Friday, January 6th, 2017

Bullspotting

Bull Spotting: Finding Facts in the Age of Misinformation by Loren Collins will help you spot and avoid lies in a world with more accessible truth and lies than ever. In the age of fake news you can learn how to use the tools of critical thinking to identify the common features and trends of misinformation campaigns. Loren will help you tell the difference between real conspiracies and conspiracy theories, real science from pseudoscience, and history from fantasy.

Loren Collins

  • Loren is and attorney and firm associate with the Law Office of W. Bryant Greene, III, P. C. He is the creator of Barackryphal, a website that debunks the fallacies propounded by birthers regarding the birth and citizenship of President Obama. He has written for The Atlanta Journal-Constitution on the topics of misinformation and critical thinking.

1. Baloney Detection

  • Operating in the world efficiently depends on one’s ability to identify crap, also known as misinformation. Today we are constantly bombarded with information, which makes crap detection more import than ever. We tend to rely on common sense, but recall that there was a time when common sense told our ancestors that the world was flat. It can be helpful, but we need to look to science to uncover the truth.
  • Most of us are not conditioned to distinguish between good and bad sources. We favor information from sources we like and visa versa. We accept information that supports our beliefs, and doubt information that doesn’t. This is know as confirmation bias. Other biases include having our thinking impacted by how something is framed, and putting more weight on recent information.
  • People evolved to spot patterns even when they don’t exist and to create stories, myths, to explain the patterns. The ancient Greeks, for example, created different Gods to explain how the world worked.
  • A common feature of creative misinformation is the reliance of anomalies. The problem with this approach is that it doesn’t produce a cohesive alternative theory. The idea is that if you can undermine one detail of the consensus view you have disproved it. If you see this in action, it tends to be a good means of spotting misinformation.

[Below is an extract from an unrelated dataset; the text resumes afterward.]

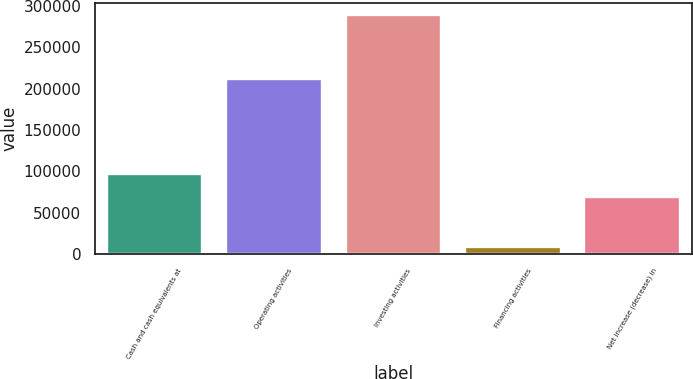Convert chart. <chart><loc_0><loc_0><loc_500><loc_500><bar_chart><fcel>Cash and cash equivalents at<fcel>Operating activities<fcel>Investing activities<fcel>Financing activities<fcel>Net increase (decrease) in<nl><fcel>96876.1<fcel>212280<fcel>289444<fcel>8393<fcel>68771<nl></chart>

Occam’s razor tells us that the explanation that makes the fewest assumptions is most likely to be the correct one.

2. Denialism

  • Denialism concerns the rejection of truth accepted by experts. In some cases popular opinion denies scientific facts. For example, a 2010 poll showed that 40% of Americans believe humankind was created in our present form less than ten thousand years ago. The primary tactic is to look for anomalies that can poke holes in established theories. Deniers do not advance a cohesive alternative theory that can be tested.
  • When confronted with evidence, deniers will often say it is forged or fake. When evidence can’t be denied they may say that it means something else like the Nazi gas chambers were not used for mass killings. Fake experts are also associated with deniers. While they may have college degrees, the degrees are usually in unrelated fields. Subjective experiences and anecdotes are often treated as solid evidence.